Außerdem hätte es die nautische Sorgfalt (§ 1.04 RhSchPVO) geboten, sofort die Geschwindigkeit des Schubverbandes nachdrücklich zu reduzieren, um dem ausfahrenden Fahrzeug die Möglichkeit zu geben, sich vor dem Schubverband aufzustrecken und einer Kursweisung zu folgen.
Z. hat die aufgezeigten Maßnahmen nicht ergriffen, vielmehr lediglich die blaue Seitentafel auf einen Abstand von 160 bis 200 m gesetzt und nach Backbord gehalten. Erst sein Schiffsführer hat abgestoppt, was der Situation nach schon früher geboten gewesen wäre.
Hätte sich Steuermann Z. pflichtgemäß verhalten, wäre der Unfall mit seinen Folgen vermieden worden.
...
Bei der Abwägung des die Führung der beiden Schiffe treffenden Verschuldens im Rahmen des § 92c Abs. 1 BSchG erschien dem Senat bedeutsam, daß Schiffsführer M. durch sein Manöver die zur Kollision führende Gefahrenlage schuldhaft geschaffen hat, indem er vor dem zu Berg kommenden Schubverband in Querfahrt aus dem Hafen in den Strom hineingestochen ist. Steuermann Z. hat in dieser Gefahrensituation vermeidbare Fehler gemacht. Nachdem er nicht bedacht hatte, daß das ausfahrende Schiff versuchen könnte, an seiner Backbordseite vorbeizufahren, weil er zunächst nicht die blaue Seitenflagge gezeigt hatte, hätte Steuermann Z. die Fahrt aus seinem Verband nehmen müssen, um dem ausfahrenden Schiff die Möglichkeit zu geben, sich aufzustrecken und an seiner Backbordseite vorbeizufahren.
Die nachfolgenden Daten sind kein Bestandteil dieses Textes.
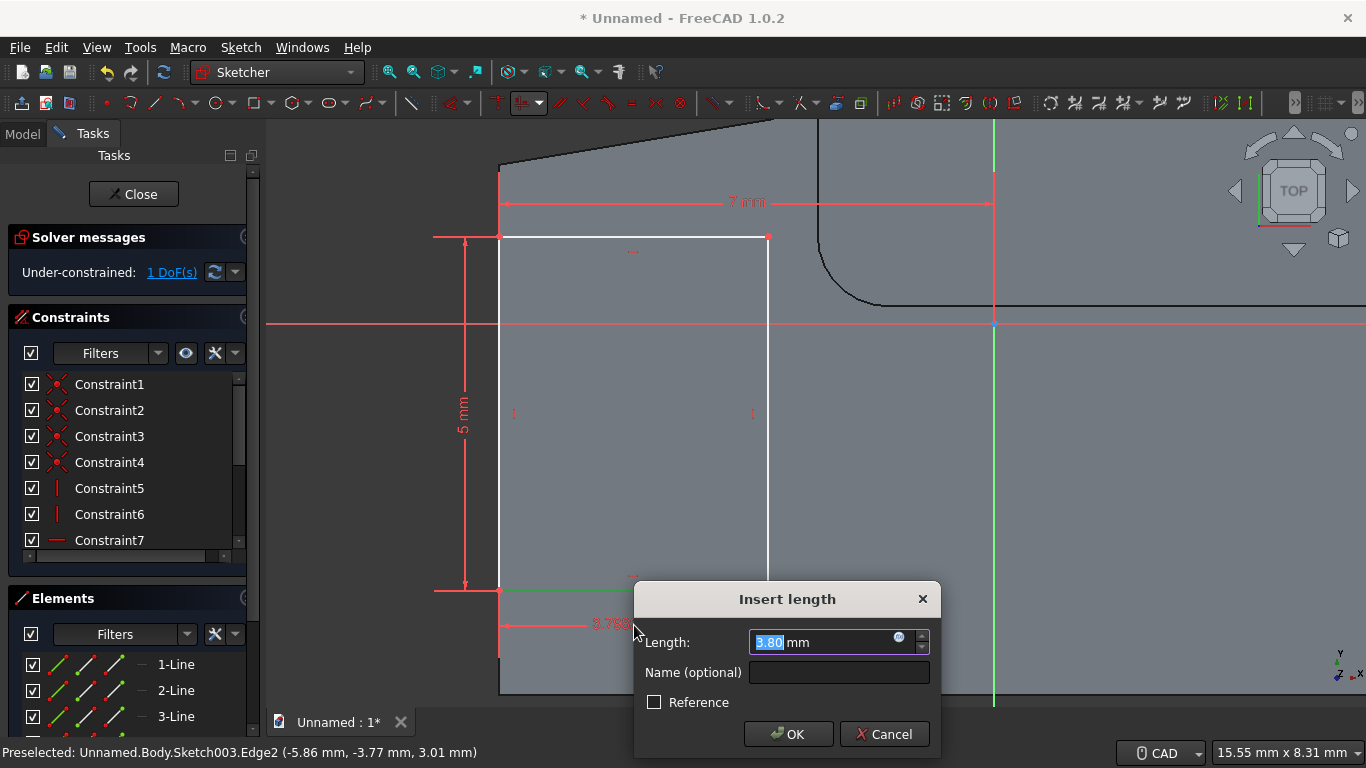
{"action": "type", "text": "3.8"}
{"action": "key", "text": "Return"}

In der gegebenen Situation auf einen Abstand von 160 bis 200 m die blaue Seitenflagge zu zeigen und Backbordkurs zu nehmen, mußte bei den zu geringen Abständen zu einer Kollision der Fahrzeuge führen.
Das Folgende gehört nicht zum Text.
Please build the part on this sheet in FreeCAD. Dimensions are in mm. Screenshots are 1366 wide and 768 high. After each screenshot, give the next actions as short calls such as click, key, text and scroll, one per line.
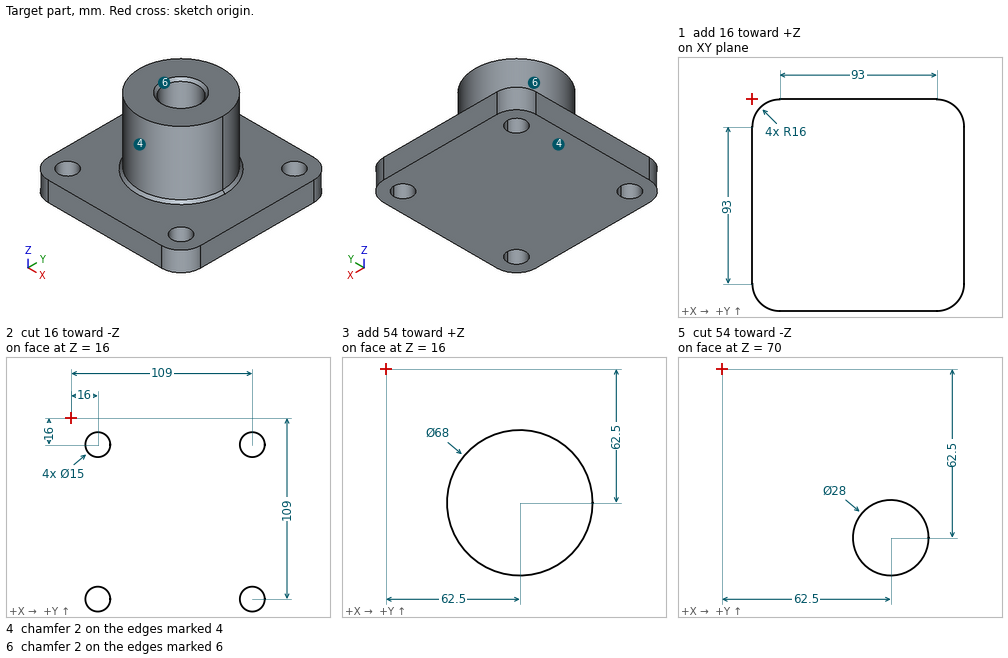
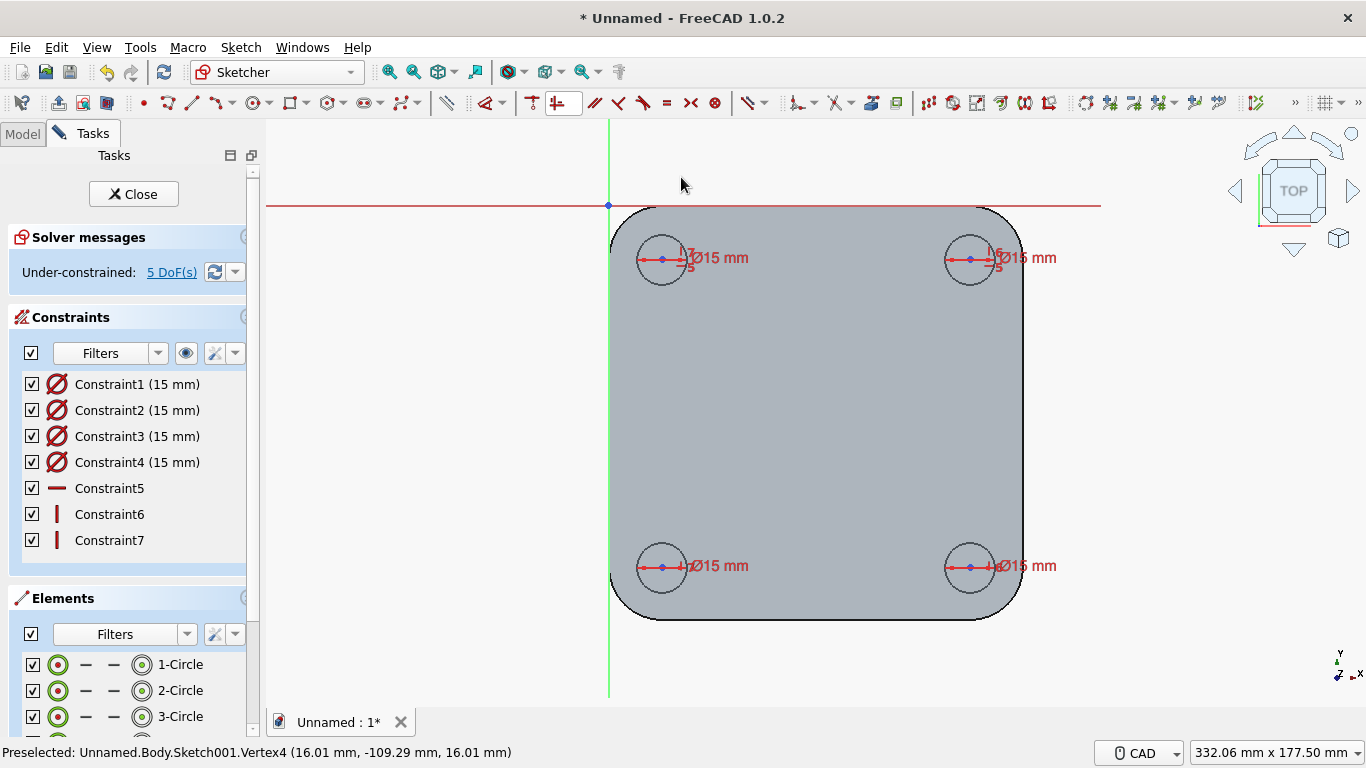
click(970, 568)

Bei Abwägung aller Umstände meint jedoch der Senat, daß das Fehlverhalten von Schiffsführer M. doppelt so schwer wiegt, wie das von Steuermann Z., weil er die primäre Unfallursache geschaffen hat. Dementsprechend war eine Schadensquotierung im Verhältnis 2:1 zu Lasten der Interessenten des MS E vorzunehmen.